Chapter 1.
A large party were assembled in the drawing room of Greendale, Sir John Greendale’s picturesque old mansion house. It was early in September. The men had returned from shooting, and the guests were gathered in the drawing room; in the pleasant half hour of dusk when the lamps have not yet been lighted, though it is already too dark to read. The conversation was general, and from the latest news from India had drifted into the subject of the Italian belief in the Mal Occhio.
“Do you believe in it, Captain Mallett?” asked Bertha, Sir John’s only child, a girl of sixteen; who was nestled in an easy chair next to that in which the man she addressed was sitting.
“I don’t know, Bertha.”
He had known her from childhood, and she had not yet reached an age when the formal “Miss Greendale” was incumbent upon her acquaintances.
“I do not believe in the Italian superstition to anything like the extent they carry it. I don’t think I should believe it at all if it were not that one man has always been unlucky to me.”

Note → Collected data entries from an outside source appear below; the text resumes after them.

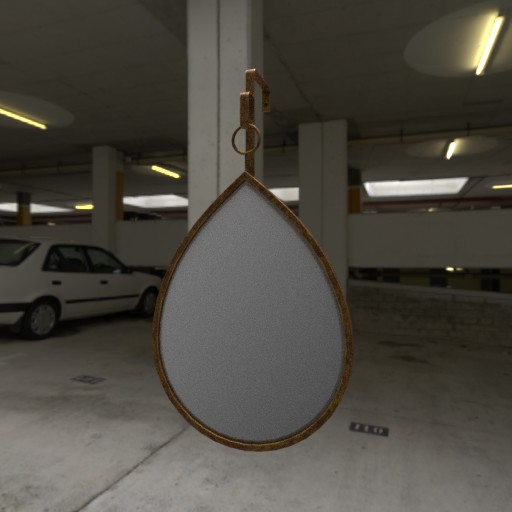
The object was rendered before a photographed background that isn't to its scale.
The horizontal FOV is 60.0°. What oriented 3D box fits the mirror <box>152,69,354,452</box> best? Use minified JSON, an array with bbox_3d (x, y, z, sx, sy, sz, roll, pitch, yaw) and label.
[{"bbox_3d":[0.000,0.000,0.911,0.405,0.744,0.144,0,0,18],"label":"mirror"}]
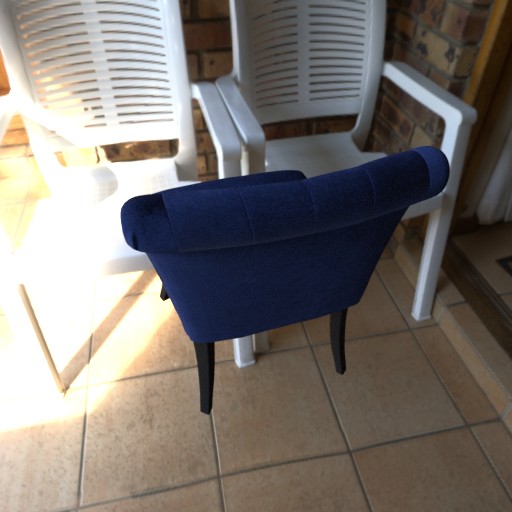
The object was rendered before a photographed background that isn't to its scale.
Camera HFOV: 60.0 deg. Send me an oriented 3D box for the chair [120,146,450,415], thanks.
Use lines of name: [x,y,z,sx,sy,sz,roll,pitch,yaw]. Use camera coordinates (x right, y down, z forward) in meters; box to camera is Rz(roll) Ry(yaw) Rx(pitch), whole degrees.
chair: [0.000,0.000,1.145,0.585,0.753,0.606,-12,44,-13]

“How unlucky, Captain Mallett?”
“Well, I don’t know that unlucky is the proper word, but he has always stood between me and success; at least, he always did, for it is some years since our paths have crossed.”
“Tell me about it.”
“Well, I have no objection, but there is not a great deal to tell.
“I was at school with—I won’t mention his name. We were about the same age. He was a bully. I interfered with him, we had a fight, and I scored my first and only success over him. It was a very tough fight—by far the toughest I ever had. I was stronger than he, but he was the more active. I fancied that it would not be very difficult to thrash him, but found that I had made a great mistake. It was a long fight, and it was only because I was in better condition that I won at last.

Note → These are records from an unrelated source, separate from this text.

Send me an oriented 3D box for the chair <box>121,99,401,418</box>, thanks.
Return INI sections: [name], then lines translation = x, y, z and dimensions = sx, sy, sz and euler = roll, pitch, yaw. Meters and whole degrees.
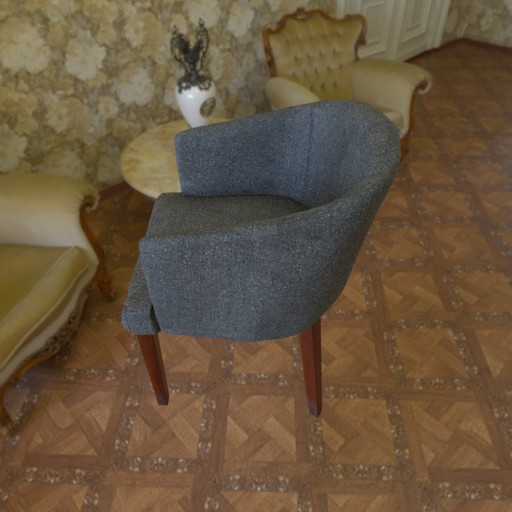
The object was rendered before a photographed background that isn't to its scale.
[chair]
translation = 0.000, 0.000, 1.282
dimensions = 0.655, 0.811, 0.583
euler = 1, 41, 1
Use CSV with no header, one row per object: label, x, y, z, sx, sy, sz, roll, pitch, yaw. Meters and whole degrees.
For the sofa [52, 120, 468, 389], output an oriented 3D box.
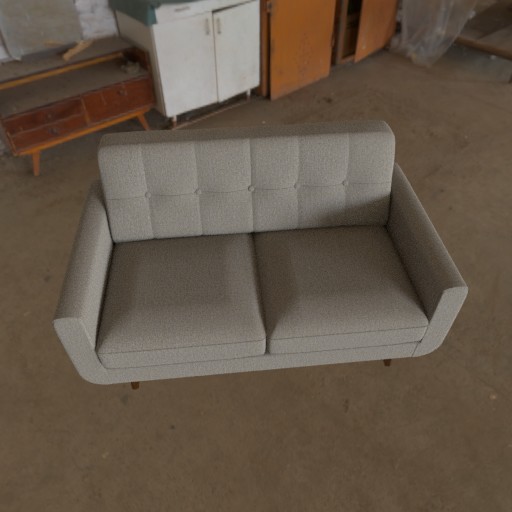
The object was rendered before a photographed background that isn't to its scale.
sofa,0.000,0.000,2.153,1.651,0.925,0.952,-4,45,-4
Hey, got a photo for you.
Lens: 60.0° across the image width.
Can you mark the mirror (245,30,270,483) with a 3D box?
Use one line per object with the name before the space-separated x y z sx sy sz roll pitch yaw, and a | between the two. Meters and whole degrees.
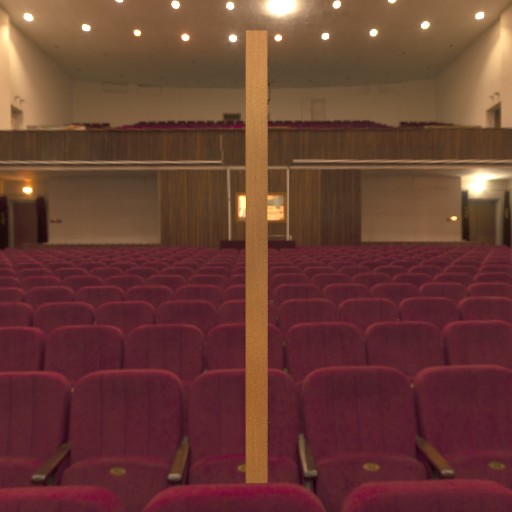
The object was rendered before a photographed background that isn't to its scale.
mirror | 0.000 0.000 0.948 0.039 0.710 0.507 0 1 -1

“Well, you know when boys fight at school, in most cases they become better friends afterwards; but it was not so here. He refused to shake hands with me, and muttered something about its being his turn next time. Till then he had not been considered a first-rate hand at anything; he was one of those fellows who saunter through school, get up just enough lessons to rub along comfortably, never take any prominent part in games, but have a little set of their own, and hold themselves aloof from school in general.
“Once or twice when we had played cricket he had done so excellently that it was a grievance that he would not play regularly, and there was a sort of general idea that if he chose he could do most things well. After that fight he changed altogether. He took to cricket in downright earnest, and was soon acknowledged to be the best bat and best bowler in the school. Before that it had been regarded as certain that when the captain left I should be elected, but when the time came he got a majority of votes. I should not have minded that, for I recognised that he was a better player than I, but I fancied that he had not done it fairly, for many fellows whom I regarded as certain to support me turned round at the last moment.